Citizen Girl by Emma McLaughlin and Nicola Kraus

photo of 5 yellow stars on a pink and blue background

This book chronicles the working escapades of Girl – unnamed because I am assuming the authors want us to know that she could be anybody, i.e., you and me.

We follow her after graduation from college, subsisting in the Big Apple, and falling into the unemployed life predestined for us liberal arts geeks.

We briefly meet her loopy, left-wing family and then follow her attempts to attain a job that would not impugn her ideals.

While the storytelling was fast-paced, it was maybe a little too much.

The authors sacrifice entire blocks of time for the delivery speed of the novel; however, this is Girl’s story, so it’s a nod to how she sees things differently from others.

I stopped to think of my own experience in the corporate world as well, and it truly is this way.

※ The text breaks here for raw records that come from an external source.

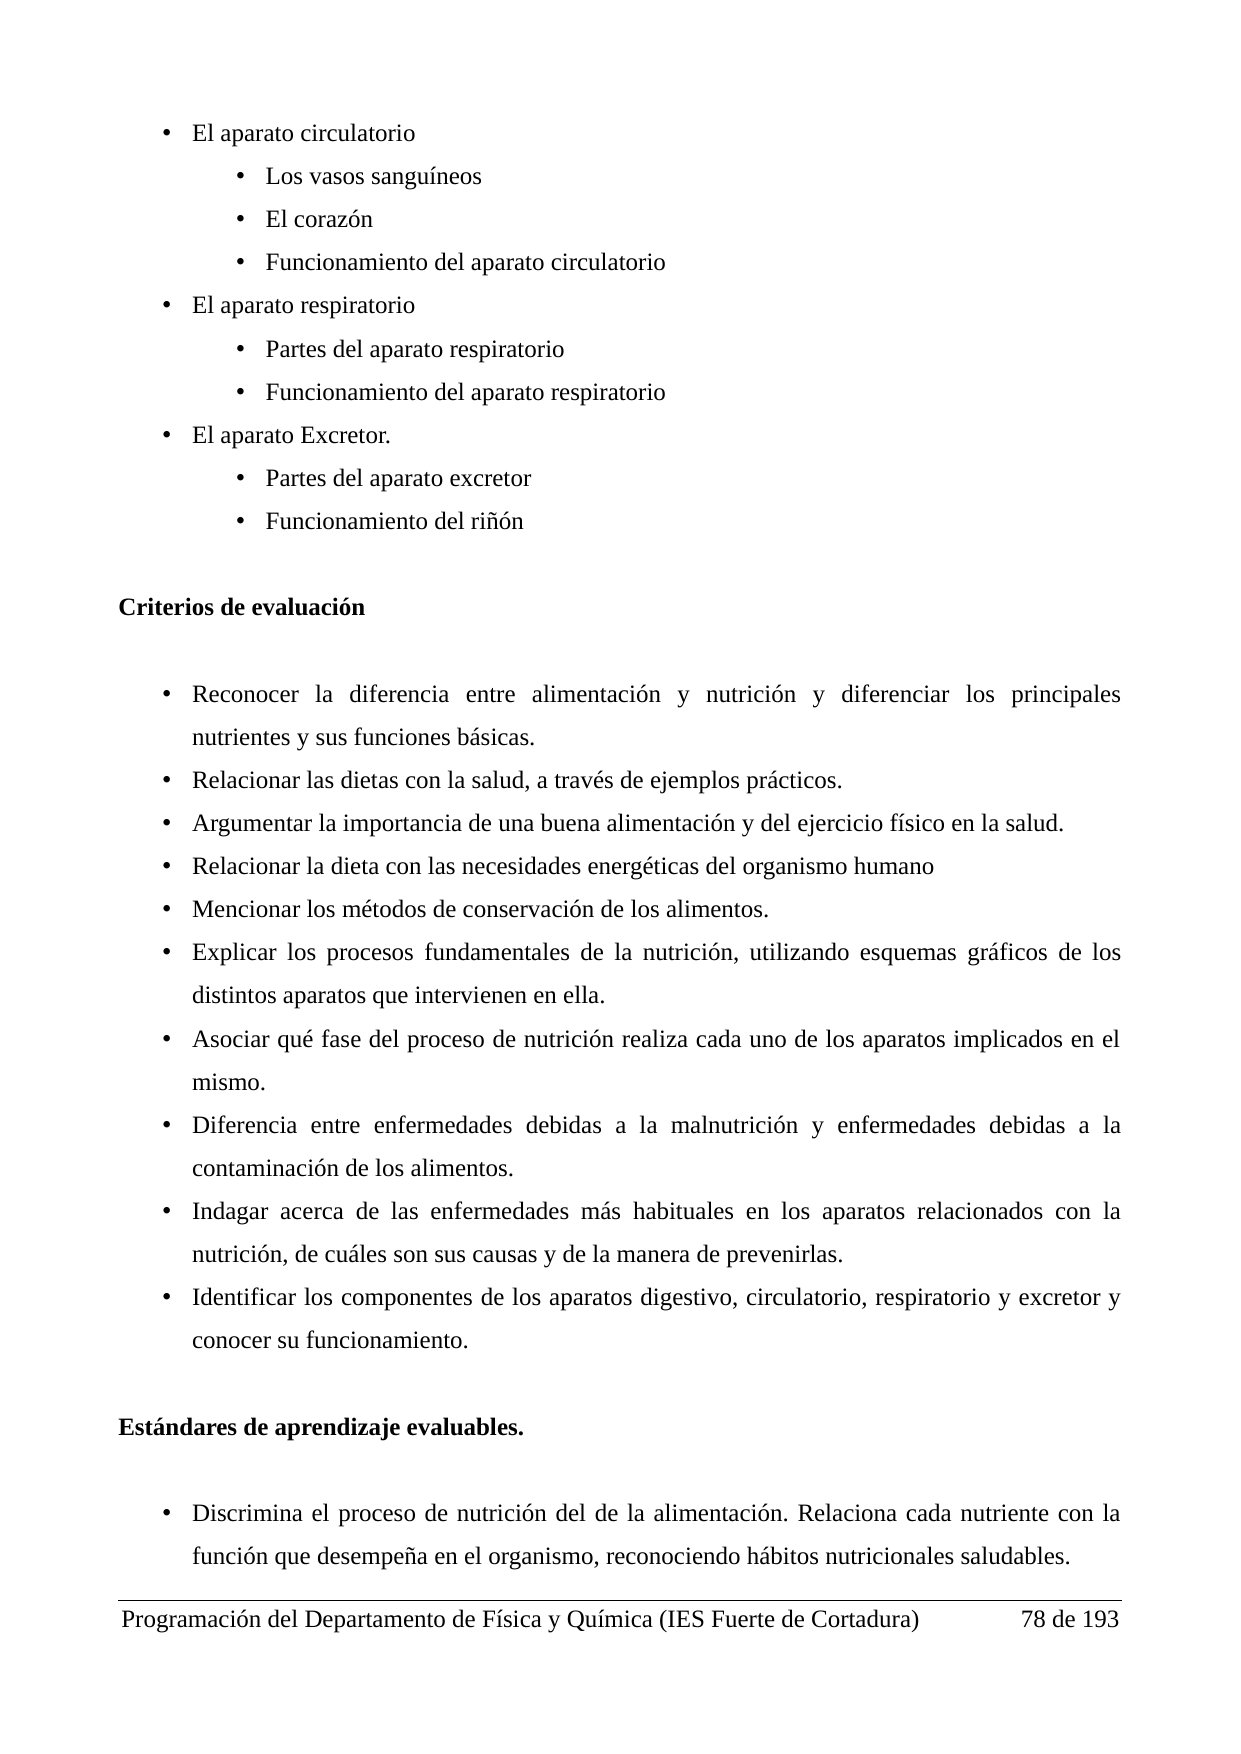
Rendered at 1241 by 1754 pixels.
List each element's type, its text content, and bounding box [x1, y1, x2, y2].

list Relacionar la dieta con las necesidades energéticas del organismo humano [162, 851, 1122, 880]
list Partes del aparato excretor [236, 463, 1122, 492]
list Argumentar la importancia de una buena alimentación y del ejercicio físico en la salud. [162, 808, 1122, 837]
list Asociar qué fase del proceso de nutrición realiza cada uno de los aparatos implicados en el mismo. [162, 1024, 1122, 1096]
list Relacionar las dietas con la salud, a través de ejemplos prácticos. [162, 765, 1122, 794]
list El aparato Excretor. [162, 420, 1122, 449]
list Reconocer la diferencia entre alimentación y nutrición y diferenciar los principales nutrientes y sus funciones básicas. [162, 679, 1122, 751]
list Diferencia entre enfermedades debidas a la malnutrición y enfermedades debidas a la contaminación de los alimentos. [162, 1110, 1122, 1182]
text Estándares de aprendizaje evaluables. [118, 1412, 1122, 1441]
list Los vasos sanguíneos [236, 161, 1122, 190]
text Criterios de evaluación [118, 592, 1122, 621]
list Funcionamiento del riñón [236, 506, 1122, 535]
list Identificar los componentes de los aparatos digestivo, circulatorio, respiratorio y excretor y conocer su funcionamiento. [162, 1282, 1122, 1354]
list El aparato circulatorio [162, 118, 1122, 147]
list El aparato respiratorio [162, 291, 1122, 319]
list Mencionar los métodos de conservación de los alimentos. [162, 894, 1122, 923]
list Indagar acerca de las enfermedades más habituales en los aparatos relacionados con la nutrición, de cuáles son sus causas y de la manera de prevenirlas. [162, 1196, 1122, 1268]
list Funcionamiento del aparato respiratorio [236, 377, 1122, 406]
list El corazón [236, 204, 1122, 233]
list Funcionamiento del aparato circulatorio [236, 247, 1122, 276]
list Explicar los procesos fundamentales de la nutrición, utilizando esquemas gráficos de los distintos aparatos que intervienen en ella. [162, 937, 1122, 1009]
list Partes del aparato respiratorio [236, 334, 1122, 362]
list Discrimina el proceso de nutrición del de la alimentación. Relaciona cada nutriente con la función que desempeña en el organismo, reconociendo hábitos nutricionales saludables. [162, 1498, 1122, 1570]
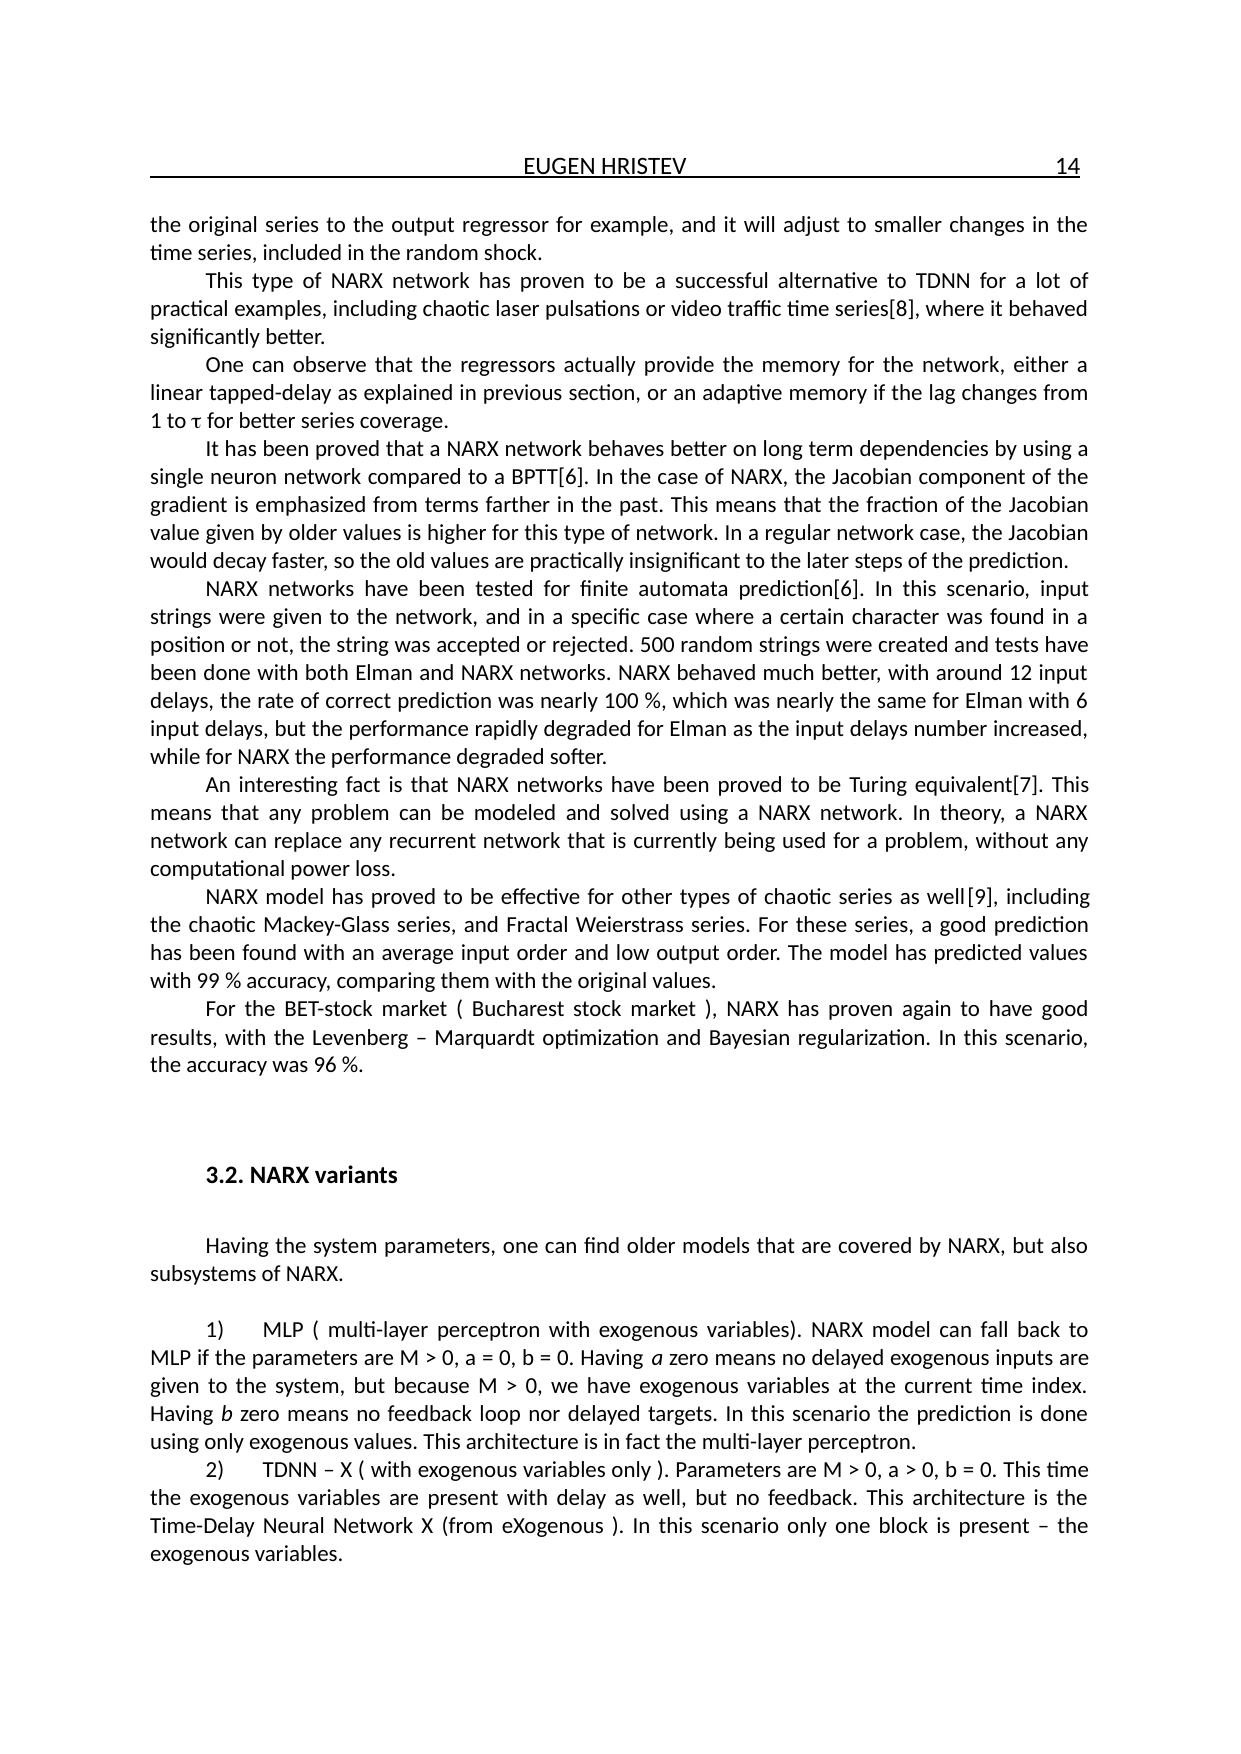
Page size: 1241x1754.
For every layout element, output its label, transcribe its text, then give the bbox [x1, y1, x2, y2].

text It has been proved that a NARX network behaves better on long term dependencies by using a single neuron network compared to a BPTT[6]. In the case of NARX, the Jacobian component of the gradient is emphasized from terms farther in the past. This means that the fraction of the Jacobian value given by older values is higher for this type of network. In a regular network case, the Jacobian would decay faster, so the old values are practically insignificant to the later steps of the prediction. [150, 434, 1090, 574]
text NARX model has proved to be effective for other types of chaotic series as well[9]⁠, including the chaotic Mackey-Glass series, and Fractal Weierstrass series. For these series, a good prediction has been found with an average input order and low output order. The model has predicted values with 99 % accuracy, comparing them with the original values. [150, 882, 1090, 994]
text For the BET-stock market ( Bucharest stock market ), NARX has proven again to have good results, with the Levenberg – Marquardt optimization and Bayesian regularization. In this scenario, the accuracy was 96 %. [150, 994, 1090, 1079]
text One can observe that the regressors actually provide the memory for the network, either a linear tapped-delay as explained in previous section, or an adaptive memory if the lag changes from 1 to t for better series coverage. [150, 350, 1090, 434]
text This type of NARX network has proven to be a successful alternative to TDNN for a lot of practical examples, including chaotic laser pulsations or video traffic time series[8], where it behaved significantly better. [150, 266, 1090, 350]
text the original series to the output regressor for example, and it will adjust to smaller changes in the time series, included in the random shock. [150, 210, 1090, 266]
list TDNN – X ( with exogenous variables only ). Parameters are M > 0, a > 0, b = 0. This time the exogenous variables are present with delay as well, but no feedback. This architecture is the Time-Delay Neural Network X (from eXogenous ). In this scenario only one block is present – the exogenous variables. [150, 1455, 1090, 1567]
text NARX networks have been tested for finite automata prediction[6]. In this scenario, input strings were given to the network, and in a specific case where a certain character was found in a position or not, the string was accepted or rejected. 500 random strings were created and tests have been done with both Elman and NARX networks. NARX behaved much better, with around 12 input delays, the rate of correct prediction was nearly 100 %, which was nearly the same for Elman with 6 input delays, but the performance rapidly degraded for Elman as the input delays number increased, while for NARX the performance degraded softer. [150, 574, 1090, 770]
list MLP ( multi-layer perceptron with exogenous variables). NARX model can fall back to MLP if the parameters are M > 0, a = 0, b = 0. Having a zero means no delayed exogenous inputs are given to the system, but because M > 0, we have exogenous variables at the current time index. Having b zero means no feedback loop nor delayed targets. In this scenario the prediction is done using only exogenous values. This architecture is in fact the multi-layer perceptron. [150, 1315, 1090, 1455]
text An interesting fact is that NARX networks have been proved to be Turing equivalent[7]. This means that any problem can be modeled and solved using a NARX network. In theory, a NARX network can replace any recurrent network that is currently being used for a problem, without any computational power loss. [150, 770, 1090, 882]
text Having the system parameters, one can find older models that are covered by NARX, but also subsystems of NARX. [150, 1231, 1090, 1287]
subtitle 3.2. NARX variants [150, 1160, 1090, 1190]

Everything moves fast or slow.

Almost always, something is never explicitly stated; we must take what they don’t say to be the truth.

book cover of Citizen Girl
book cover of Citizen Girl

After meeting Guy at a networking event, she lands a job at My Company, Inc.

Of course, she’s unsure of the expectations of the role.

Still, she dives in with some difficulty, relying on her acquired knowledge to help My Company by wooing Ms. magazine and later, Bovary, a lingerie company.

And before she can turn around or even make sense of what she’s doing, she’s made Vice-President.

I thought that was sort of random.

Her ballsiness got her hired, and the expectation was to give a feminist slant to My Company Inc’s end goal.

It’s not even clear to her or the readers what their end goal is until the third half of the book.

Her relationship with Buster seemed a little tacked on too.

It seems to me that a girl with so much on her plate wouldn’t be willing to make a relationship with Buster – a video game engineer – work right then.

But, then, that’s what sets me apart from Girl.

I’d instead be working in video games myself!

Furthermore, this book reinforces the idea that we should never meet our heroes.

Julia Gilman’s character arc starts well.

Girl needs an unbiased mentor to guide her because Guy certainly isn’t until the third half of the book that you go, “Really Julia? Really?”

Money is everything, and Julia – let alone My Company Inc – drives that home.

I’m not going to discuss the naming scheme given to certain characters.

They’re obvious, and people talk about it in all the other reviews.

This story’s moral is feminist liberal arts majors have no business in the corporate environment.

I enjoyed the book but felt something was missing.